Cavitation-induced microjets tuned by channels with alternating wettability patterns

TL;DR

This study investigates how alternating wettability patterns on capillaries influence cavitation-induced microjets, revealing that specific coatings and geometries can control jet direction, size, and consistency.

Contribution

It introduces a novel approach of using patterned wettability to tune microjet behavior in capillaries, expanding control over jet dynamics and outcomes.

Findings

Hydrophobic strips direct jets along the channel axis.

Wettability patterns affect jet breakup and drop size.

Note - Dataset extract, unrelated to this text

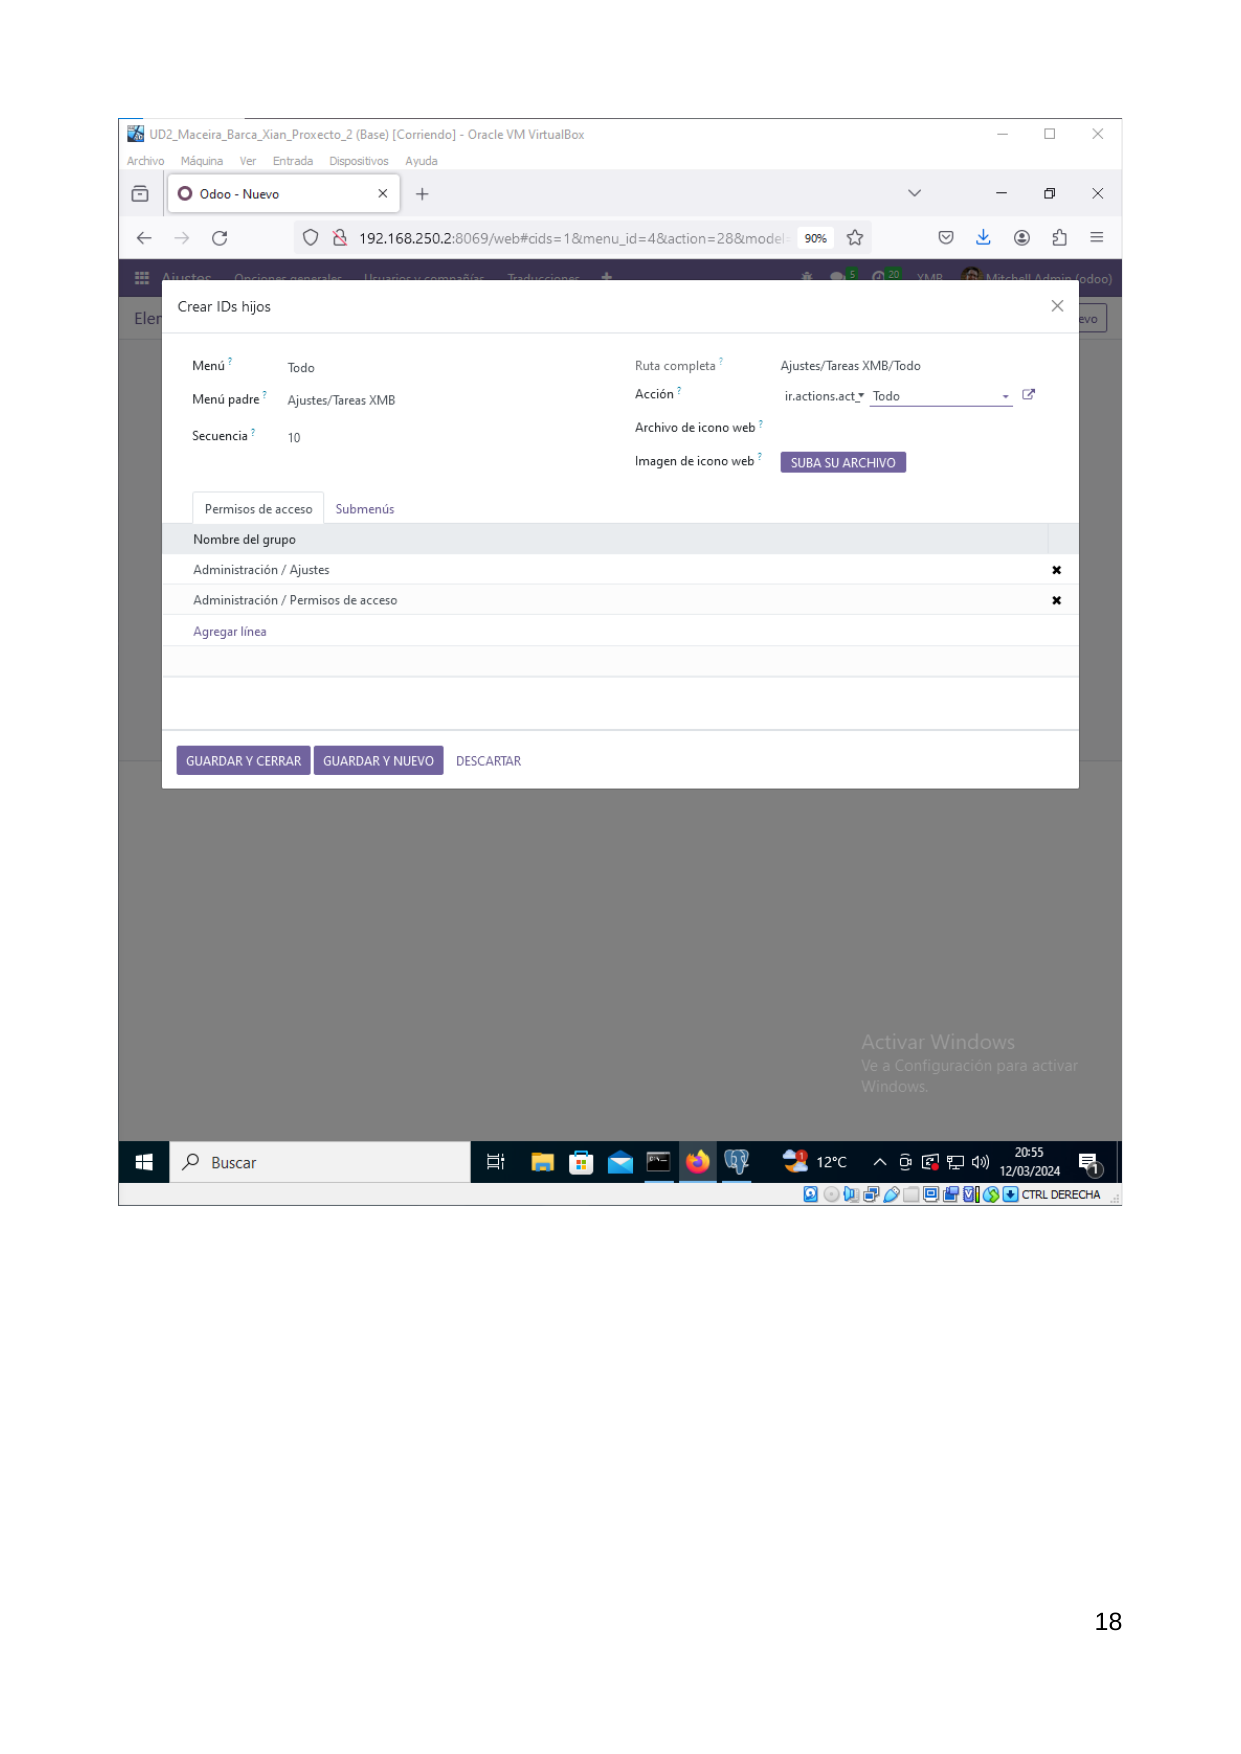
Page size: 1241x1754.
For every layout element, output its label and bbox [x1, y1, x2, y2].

picture [118, 118, 1123, 1206]

Channel geometry and coatings influence jet consistency.

Abstract

A laser pulse focused near the closed end of a glass capillary partially filled with water creates a vapor bubble and an associated pressure wave. The pressure wave travels through the liquid toward the meniscus where it is reflected, creating a fast, focused microjet. In this study, we selectively coat the hydrophilic glass capillaries with hydrophobic strips along the capillary. The result after filling the capillary is a static meniscus which has a curvature markedly different than an unmodified capillary. This tilting asymmetry in the static meniscus alters the trajectory of the ensuing jets. The hydrophobic strips also influence the advancing contact line and receding contact line as the vapor bubble expands and collapses. We present thirteen different permutations of this system which includes three geometries and four coating schemes. The combination of geometry and coatings influences the jet breakup, the resulting drop size distribution, the trajectory of the jet tip, and the consistency of jet characteristics across trials. The inclusion of hydrophobic strips promotes jetting in line with the channel axis, with the most effective arrangement dependent on channel size.